Uncontrolled hypertension represents a failure of the usual approach of evidence-based guidelines. Despite regular updating and wide dissemination, even the best consensus guidelines achieve abysmal results. In Canada, where the guidelines are admirably administered and updated annually, the proportion of hypertensive patients controlled to <140/90 has failed to increase from the 17% controlled in 1997 [1] to the 15.8% controlled in 2007 [2]. (This may have changed recently.) Control rates have been somewhat better (29%) in the United States, and even worse (< 10%) in Europe [3]. In my view, a major reason for the failure of such guidelines is that they tend to make the fallacious assumption that all patients should be treated the same way, with insufficient attention to tailoring the therapy to the cause of hypertension in patients with resistant hypertension.

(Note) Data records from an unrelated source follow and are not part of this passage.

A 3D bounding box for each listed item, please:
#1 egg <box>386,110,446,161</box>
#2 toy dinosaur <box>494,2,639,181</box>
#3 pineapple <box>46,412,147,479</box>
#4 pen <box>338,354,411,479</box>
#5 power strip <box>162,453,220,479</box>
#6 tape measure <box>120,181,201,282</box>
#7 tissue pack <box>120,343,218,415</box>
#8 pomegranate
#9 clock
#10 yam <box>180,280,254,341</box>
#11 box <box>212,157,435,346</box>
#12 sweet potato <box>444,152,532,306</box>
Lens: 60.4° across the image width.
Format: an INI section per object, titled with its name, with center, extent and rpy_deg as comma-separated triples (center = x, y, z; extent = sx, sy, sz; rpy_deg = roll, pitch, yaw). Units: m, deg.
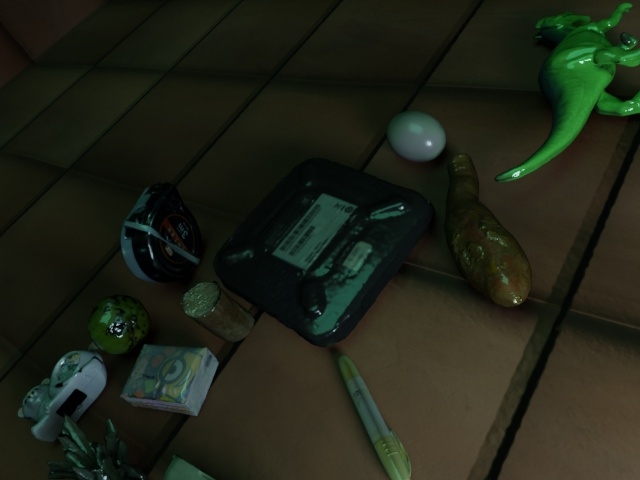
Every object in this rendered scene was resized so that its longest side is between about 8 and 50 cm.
[egg]
center = 0.199, -0.216, 1.145
extent = 0.103, 0.103, 0.135
rpy_deg = -45, 49, -15
[toy dinosaur]
center = 0.442, -0.327, 1.102
extent = 0.500, 0.143, 0.374
rpy_deg = -31, 39, -9
[pineapple]
center = -0.278, 0.397, 0.794
extent = 0.165, 0.165, 0.365
rpy_deg = -42, 43, -12
[pen]
center = 0.079, 0.262, 0.825
extent = 0.040, 0.032, 0.233
rpy_deg = -11, 41, -15
[power strip]
center = -0.125, 0.380, 0.786
extent = 0.286, 0.080, 0.048
rpy_deg = 13, 60, 36
[tape measure]
center = -0.337, -0.001, 1.168
extent = 0.107, 0.182, 0.181
rpy_deg = -4, 38, 28
[tissue pack]
center = -0.272, 0.248, 0.994
extent = 0.148, 0.060, 0.108
rpy_deg = -1, 49, 25
[pomegranate]
center = -0.411, 0.178, 1.102
extent = 0.161, 0.122, 0.122
rpy_deg = -39, 37, 31
[clock]
center = -0.499, 0.284, 1.063
extent = 0.117, 0.080, 0.176
rpy_deg = 19, 63, 39
[yam]
center = -0.186, 0.134, 1.009
extent = 0.084, 0.127, 0.084
rpy_deg = -15, 50, 18
[box]
center = 0.000, 0.000, 1.060
extent = 0.350, 0.091, 0.359
rpy_deg = 24, 66, 40
[sweet potato]
center = 0.263, -0.022, 0.945
extent = 0.109, 0.109, 0.385
rpy_deg = -20, 38, 10
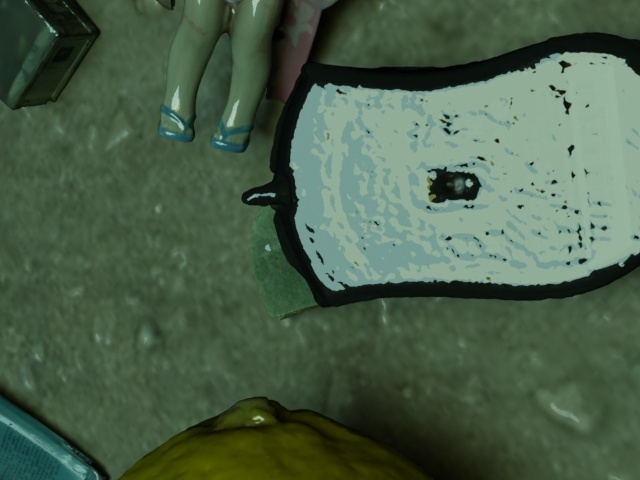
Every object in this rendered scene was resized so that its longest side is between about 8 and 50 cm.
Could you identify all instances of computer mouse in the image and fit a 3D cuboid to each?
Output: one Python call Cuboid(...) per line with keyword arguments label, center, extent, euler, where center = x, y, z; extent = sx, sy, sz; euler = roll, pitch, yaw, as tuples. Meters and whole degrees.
Cuboid(label="computer mouse", center=(0.084, -0.037, 0.846), extent=(0.264, 0.088, 0.147), euler=(-2, 92, 16))

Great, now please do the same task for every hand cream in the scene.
Cuboid(label="hand cream", center=(-0.259, 0.145, 1.135), extent=(0.224, 0.048, 0.083), euler=(36, 114, 19))

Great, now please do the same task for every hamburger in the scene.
Cuboid(label="hamburger", center=(-0.003, 0.000, 0.939), extent=(0.121, 0.054, 0.084), euler=(-23, 84, 41))

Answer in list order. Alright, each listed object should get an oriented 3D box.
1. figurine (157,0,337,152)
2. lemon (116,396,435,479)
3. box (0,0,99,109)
Cuboid(label="figurine", center=(-0.067, -0.189, 0.922), extent=(0.205, 0.103, 0.260), euler=(15, 109, 6))
Cuboid(label="lemon", center=(-0.022, 0.240, 0.847), extent=(0.293, 0.293, 0.293), euler=(4, 97, 33))
Cuboid(label="box", center=(-0.209, -0.141, 1.060), extent=(0.063, 0.060, 0.085), euler=(46, 117, 12))
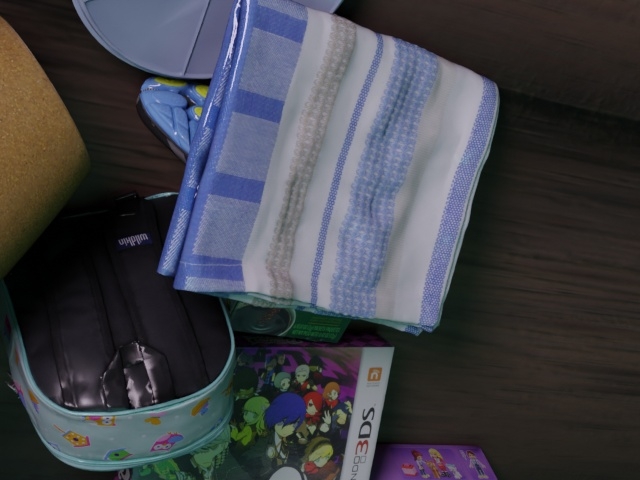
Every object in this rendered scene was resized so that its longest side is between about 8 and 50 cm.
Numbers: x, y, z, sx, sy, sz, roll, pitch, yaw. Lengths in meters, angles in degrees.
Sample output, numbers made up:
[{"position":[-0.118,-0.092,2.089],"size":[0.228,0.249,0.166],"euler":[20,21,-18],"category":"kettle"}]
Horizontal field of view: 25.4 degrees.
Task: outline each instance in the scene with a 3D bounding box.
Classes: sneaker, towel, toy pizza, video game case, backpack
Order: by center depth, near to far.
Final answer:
[{"position":[-0.066,-0.192,0.919],"size":[0.201,0.032,0.201],"euler":[-13,135,-13],"category":"toy pizza"},{"position":[0.020,-0.045,0.999],"size":[0.285,0.034,0.209],"euler":[13,94,-48],"category":"towel"},{"position":[-0.068,-0.041,1.020],"size":[0.078,0.067,0.188],"euler":[-23,126,35],"category":"sneaker"},{"position":[-0.145,0.076,1.024],"size":[0.165,0.188,0.144],"euler":[-9,134,-19],"category":"backpack"},{"position":[-0.060,0.182,1.220],"size":[0.232,0.042,0.210],"euler":[3,106,-27],"category":"video game case"}]

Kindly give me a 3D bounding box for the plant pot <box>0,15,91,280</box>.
[{"position":[-0.276,-0.024,0.862],"size":[0.254,0.237,0.237],"euler":[-32,139,-14],"category":"plant pot"}]

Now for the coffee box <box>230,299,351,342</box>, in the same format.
[{"position":[0.000,0.000,1.127],"size":[0.113,0.040,0.184],"euler":[10,126,-31],"category":"coffee box"}]

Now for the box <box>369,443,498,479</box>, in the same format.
[{"position":[0.007,0.285,1.392],"size":[0.293,0.057,0.201],"euler":[6,127,-29],"category":"box"}]
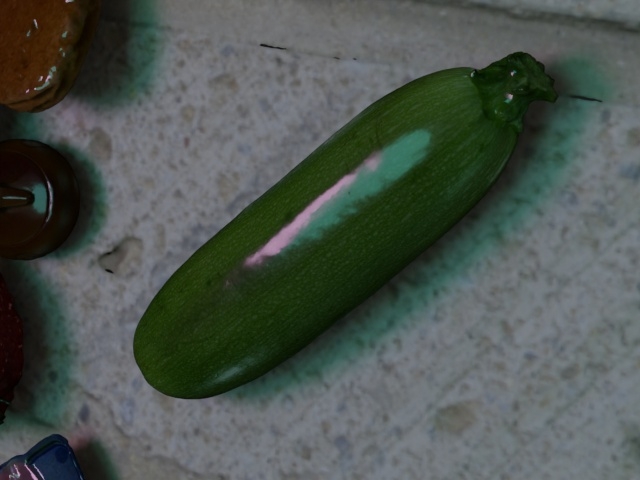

The consequences of this failure are enormous, and represent a major opportunity for prevention of the consequences of hypertension, particularly stroke. A particular tragedy is the failure of physicians to recognize that patients of African origin are more likely to have specific causes of low-renin hypertension that require specific therapies [4, 5]. This probably accounts for the observation by Howard et al. [6] that black patients in the stroke belt are more likely to be aware of and more likely to be treated for hypertension, more likely to be treated more intensively, but less likely to be controlled. The result of this is that African-Americans have twice the risk of stroke[7]; the tragedy is that this is preventable.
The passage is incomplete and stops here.